Caminho para corte na Selic no 2º semestre

São Paulo – O Banco Central pode ter decepcionado agentes financeiros que esperavam uma sinalização clara de que o Comitê de Política Monetária (Copom) daria início ao ciclo de flexibilização da taxa básica em agosto, mas não necessariamente eliminou essa possibilidade, uma vez que atrelou as próximas decisões a dados, apontam economistas.

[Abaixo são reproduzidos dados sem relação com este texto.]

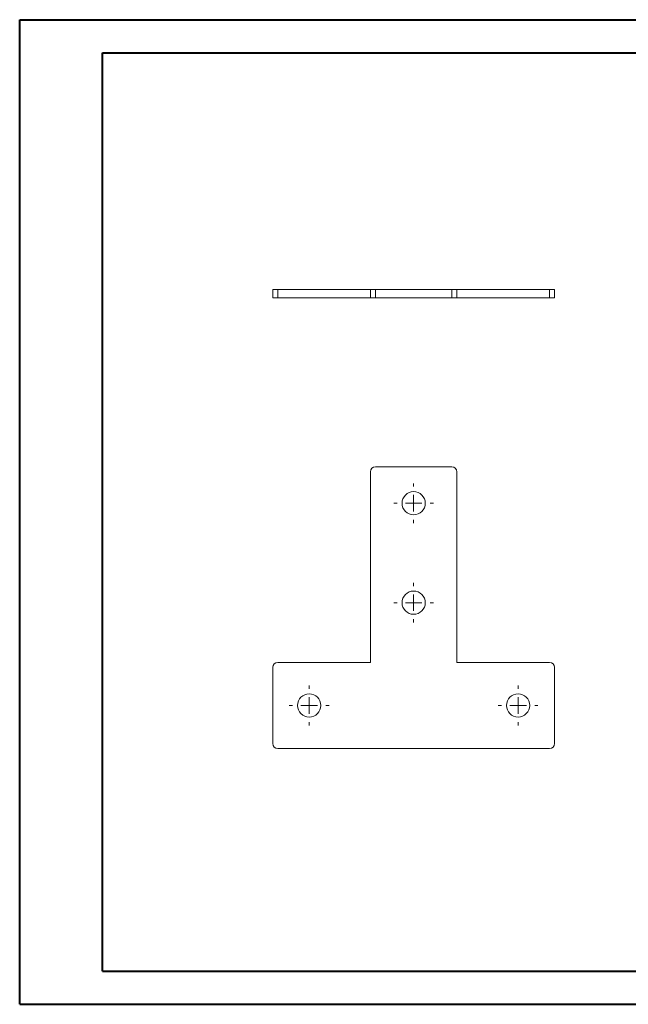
# Model space of a CAD drawing. Header units: millimetres. Extents: x 0 to 420, y 0 to 297.
# Tile 1 of 3: x 0 to 184, y 0 to 297. Entities that reach past the tile are written whole.
import ezdxf

# ---------------------------------------------------------------- set-up
doc = ezdxf.new("R2010")
doc.units = ezdxf.units.MM

# ---------------------------------------------------------------- blocks, each defined once
blk = doc.blocks.new('SW_CENTERMARKSYMBOL_0')
at = {"color": 0, "linetype": 'Continuous', "lineweight": 0}
for p, q in [((0, 5), (0, 6)), ((-5, 0), (-6, 0)), ((0, 0), (-2.5, 0)), ((0, 0), (0, 2.5)), ((0, 0), (0, -2.5)), ((0, 0), (2.5, 0)), ((5, 0), (6, 0)), ((0, -5), (0, -6))]:
    blk.add_line(p, q, dxfattribs=at)
blk = doc.blocks.new('SW_CENTERMARKSYMBOL_1')
at = {"color": 0, "linetype": 'Continuous', "lineweight": 0}
for p, q in [((0, 5), (0, 6)), ((-5, 0), (-6, 0)), ((0, 0), (-2.5, 0)), ((0, 0), (0, 2.5)), ((0, 0), (0, -2.5)), ((0, 0), (2.5, 0)), ((5, 0), (6, 0)), ((0, -5), (0, -6))]:
    blk.add_line(p, q, dxfattribs=at)
blk = doc.blocks.new('SW_CENTERMARKSYMBOL_2')
at = {"color": 0, "linetype": 'Continuous', "lineweight": 0}
for p, q in [((0, 5), (0, 6)), ((-5, 0), (-6, 0)), ((0, 0), (-2.5, 0)), ((0, 0), (0, 2.5)), ((0, 0), (0, -2.5)), ((0, 0), (2.5, 0)), ((5, 0), (6, 0)), ((0, -5), (0, -6))]:
    blk.add_line(p, q, dxfattribs=at)
blk = doc.blocks.new('SW_CENTERMARKSYMBOL_3')
at = {"color": 0, "linetype": 'Continuous', "lineweight": 0}
for p, q in [((0, 5), (0, 6)), ((-5, 0), (-6, 0)), ((0, 0), (-2.5, 0)), ((0, 0), (0, 2.5)), ((0, 0), (0, -2.5)), ((0, 0), (2.5, 0)), ((5, 0), (6, 0)), ((0, -5), (0, -6))]:
    blk.add_line(p, q, dxfattribs=at)

msp = doc.modelspace()

# ---------------------------------------------------------------- linework, layer by layer
at = {"color": 7, "linetype": 'Continuous', "lineweight": 40}
for p, q in [((0.08, 0.21), (0.08, 297.21)), ((0.08, 297.21), (420.08, 297.21)), ((25.08, 10.21), (25.08, 287.21)), ((25.08, 287.21), (410.08, 287.21)), ((25.08, 10.21), (410.08, 10.21)), ((0.08, 0.21), (420.08, 0.21))]:
    msp.add_line(p, q, dxfattribs=at)
at = {"color": 7, "linetype": 'Continuous', "lineweight": 15}
for p, q in [((76.38, 213.29), (76.38, 215.79)), ((76.38, 215.79), (77.88, 215.79)), ((77.88, 215.79), (77.88, 213.29)), ((105.88, 215.79), (77.88, 215.79)), ((105.88, 213.29), (105.88, 215.79)), ((105.88, 215.79), (107.38, 215.79)), ((107.38, 215.79), (107.38, 213.29)), ((130.38, 215.79), (107.38, 215.79)), ((130.38, 213.29), (130.38, 215.79)), ((130.38, 215.79), (131.88, 215.79)), ((131.88, 215.79), (131.88, 213.29)), ((159.88, 215.79), (131.88, 215.79)), ((159.88, 213.29), (159.88, 215.79)), ((159.88, 215.79), (161.38, 215.79)), ((161.38, 215.79), (161.38, 213.29)), ((77.88, 213.29), (76.38, 213.29)), ((105.88, 213.29), (77.88, 213.29)), ((107.38, 213.29), (105.88, 213.29)), ((130.38, 213.29), (107.38, 213.29)), ((131.88, 213.29), (130.38, 213.29)), ((159.88, 213.29), (131.88, 213.29)), ((161.38, 213.29), (159.88, 213.29)), ((105.88, 160.86), (105.88, 103.36)), ((130.38, 162.36), (107.38, 162.36)), ((131.88, 103.36), (131.88, 160.86)), ((76.38, 101.86), (76.38, 78.86)), ((105.88, 103.36), (77.88, 103.36)), ((159.88, 103.36), (131.88, 103.36)), ((161.38, 78.86), (161.38, 101.86)), ((77.88, 77.36), (159.88, 77.36))]:
    msp.add_line(p, q, dxfattribs=at)
for centre in [(118.88, 151.36), (118.88, 121.36), (87.38, 90.36), (150.38, 90.36)]:
    msp.add_circle(centre, 3.5, dxfattribs=at)
for centre, start, end in [((107.38, 160.86), 90, 180), ((130.38, 160.86), 0, 90), ((77.88, 101.86), 90, 180), ((159.88, 101.86), 0, 90), ((77.88, 78.86), 180, 270), ((159.88, 78.86), 270, 0)]:
    msp.add_arc(centre, 1.5, start, end, dxfattribs=at)

# ---------------------------------------------------------------- block references
at = {"color": 7, "linetype": 'Continuous', "lineweight": 0}
for name, p in [('SW_CENTERMARKSYMBOL_0', (118.88, 151.36)), ('SW_CENTERMARKSYMBOL_1', (118.88, 121.36)), ('SW_CENTERMARKSYMBOL_2', (87.38, 90.36)), ('SW_CENTERMARKSYMBOL_3', (150.38, 90.36))]:
    msp.add_blockref(name, p, dxfattribs=at)

doc.saveas('drawing.dxf')

Ao manter a Selic em 13,75% ao ano na véspera, o Copom afirmou que a conjuntura demanda “paciência e serenidade” na condução da política monetária e citou que os passos futuros dependerão da evolução da dinâmica inflacionária, expectativas de inflação e o hiato do produto, entre outros fatores. “A conjuntura atual, caracterizada por um estágio do processo desinflacionário que tende a ser mais lento e por expectativas de inflação desancoradas, segue demandando cautela e parcimônia”, afirmou a autoridade monetária.
O Copom ainda acrescentou que “conduzirá a política monetária necessária para o cumprimento das metas e avalia que a estratégia de manutenção da taxa básica de juros por período prolongado tem se mostrado adequada para assegurar a convergência da inflação”.
Para o economista-chefe da XP, Caio Megale, o Copom ter mencionado alguma melhora nas perspectivas de inflação “abre as portas para um possível corte na próxima reunião”. Em paralelo, acrescentou, a visão de que o cenário continua exigindo cautela e parcimônia significa que o primeiro corte não será agressivo.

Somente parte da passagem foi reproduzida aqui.